**Task**
Show all lines from the records below in which the string "spatial" is present.

Items from a data source:

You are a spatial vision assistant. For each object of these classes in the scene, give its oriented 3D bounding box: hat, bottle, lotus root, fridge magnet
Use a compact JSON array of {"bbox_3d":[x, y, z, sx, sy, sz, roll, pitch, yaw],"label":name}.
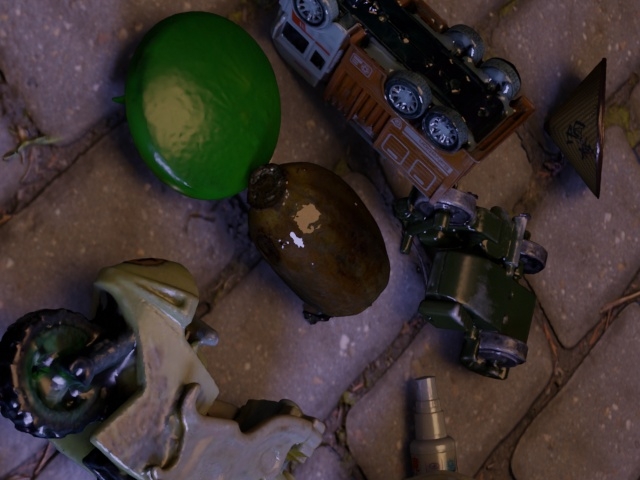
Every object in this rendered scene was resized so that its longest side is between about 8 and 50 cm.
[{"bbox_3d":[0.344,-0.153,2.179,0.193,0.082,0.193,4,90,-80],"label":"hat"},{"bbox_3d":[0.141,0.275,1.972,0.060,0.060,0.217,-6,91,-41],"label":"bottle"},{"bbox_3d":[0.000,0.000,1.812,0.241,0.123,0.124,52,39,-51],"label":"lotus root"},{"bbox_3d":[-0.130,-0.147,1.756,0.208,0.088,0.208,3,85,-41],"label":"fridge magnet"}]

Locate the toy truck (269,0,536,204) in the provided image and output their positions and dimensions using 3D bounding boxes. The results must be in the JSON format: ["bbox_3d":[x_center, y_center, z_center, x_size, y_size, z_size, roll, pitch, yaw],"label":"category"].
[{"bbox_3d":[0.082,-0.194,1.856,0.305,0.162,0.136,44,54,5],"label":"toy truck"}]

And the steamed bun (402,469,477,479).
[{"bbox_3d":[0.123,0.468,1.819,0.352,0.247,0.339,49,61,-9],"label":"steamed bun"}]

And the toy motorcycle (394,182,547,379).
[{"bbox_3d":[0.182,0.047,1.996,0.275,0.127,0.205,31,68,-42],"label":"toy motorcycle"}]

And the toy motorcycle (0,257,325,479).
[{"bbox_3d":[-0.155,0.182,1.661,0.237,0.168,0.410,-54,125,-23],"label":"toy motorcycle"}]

---

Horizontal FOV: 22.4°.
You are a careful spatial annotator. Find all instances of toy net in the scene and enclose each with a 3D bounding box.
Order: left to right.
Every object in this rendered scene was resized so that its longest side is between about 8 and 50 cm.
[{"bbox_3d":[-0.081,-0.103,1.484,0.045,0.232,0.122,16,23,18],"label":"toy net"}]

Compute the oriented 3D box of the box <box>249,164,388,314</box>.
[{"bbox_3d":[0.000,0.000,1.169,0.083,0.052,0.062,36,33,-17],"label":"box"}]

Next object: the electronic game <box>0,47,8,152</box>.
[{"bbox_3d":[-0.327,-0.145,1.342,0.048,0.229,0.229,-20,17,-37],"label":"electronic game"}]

**Task output**
You are a spatial vision assistant. For each object of these classes in the scene, give its oriented 3D bounding box: hat, bottle, lotus root, fridge magnet
You are a careful spatial annotator. Find all instances of toy net in the scene and enclose each with a 3D bounding box.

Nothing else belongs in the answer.